Miami's two Cuban-American lawmakers, Republicans Ileana Ros-Lehtinen and Lincoln Diaz-Balart, were angered enough by the trip to resign from the Hispanic Caucus, leaving the ad hoc group without any Republican dues-paying members. They faulted Rep. Becerra for bad form as well, since the trip came on the eve of a vote to elect him caucus chairman.
"I don't think there's ever been a chairman who has agreed with me on Cuba policy," said Rep. Ros-Lehtinen. "But there's never been a chairman who went on a trip like this as he campaigned for my vote."
Canada, meanwhile, is pursuing its own version of "constructive engagement." Canadian foreign minister Axworthy came away from his trip with cooperative agreements with Mr. Castro on everything from a judges' exchange program to drug interdiction and international terrorism. As Cuba's biggest trade partner, Canada is fuming over the Helms-Burton rules, which block some of its corporate leaders from entering the United States and could lead to lawsuits against them later this year.

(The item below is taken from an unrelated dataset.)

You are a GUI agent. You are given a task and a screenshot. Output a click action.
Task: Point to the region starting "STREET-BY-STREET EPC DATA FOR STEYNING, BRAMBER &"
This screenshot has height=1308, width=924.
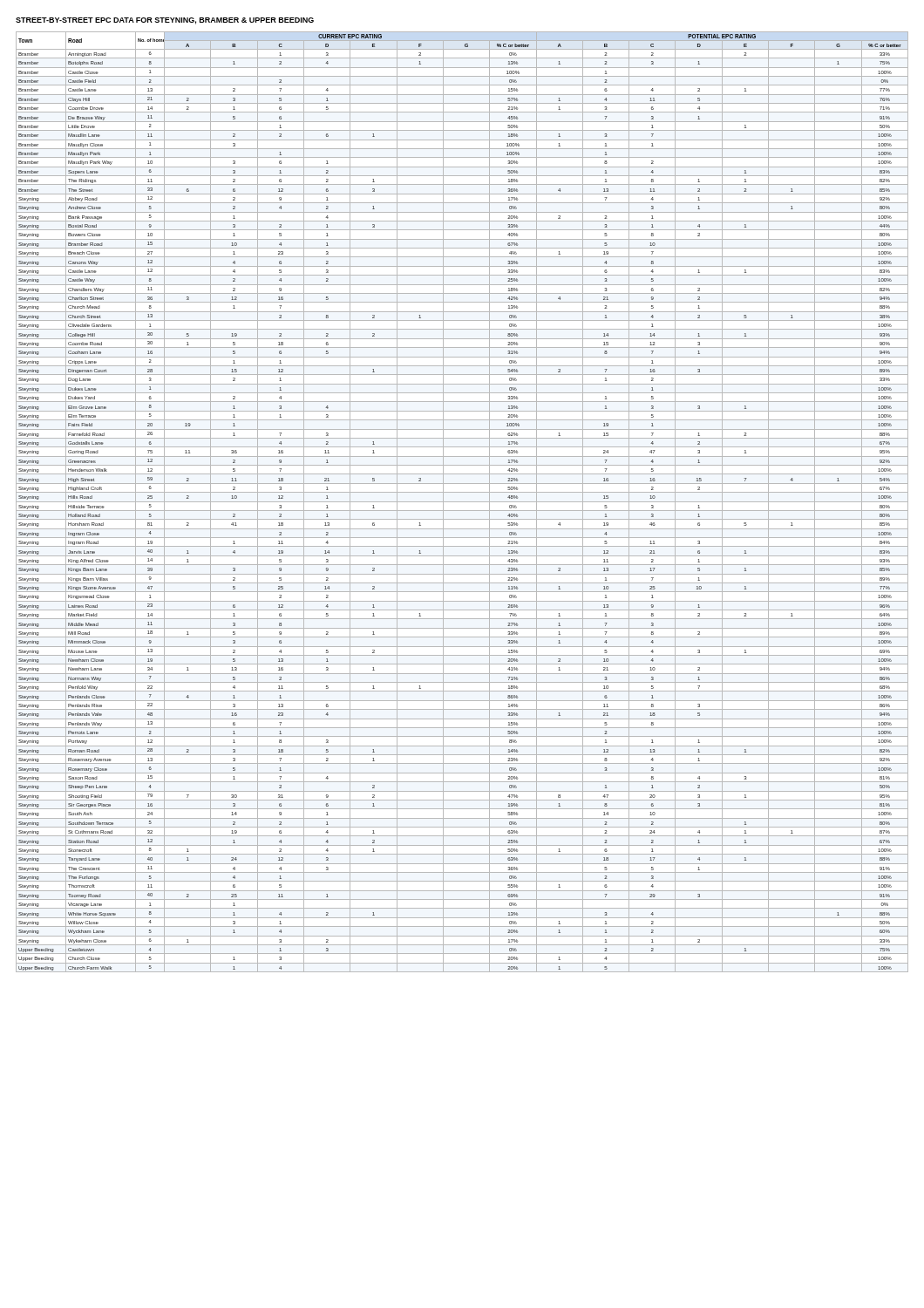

The country is pressing its complaints in the World Trade Organization and even encouraged their own "snowbirds" to bypass Florida vacations this winter as a statement of protest.
Even as Canada's foreign minister was landing in Havana, Cuban police detained three dissidents, journalists Tania Quintero and Juan Antonio Sanchez, and economist Marta Beatriz Roque.
Interrogations continue. Missionary Russell Black said he was questioned and warned by police for choosing to stay in the countryside with pastors, where food and other necessities like soap are being rationed and he has been begged to give up a pair of underwear. Authorities want foreigners to stay in city hotels, where cable channels and the best food are put forth as if the party never stopped.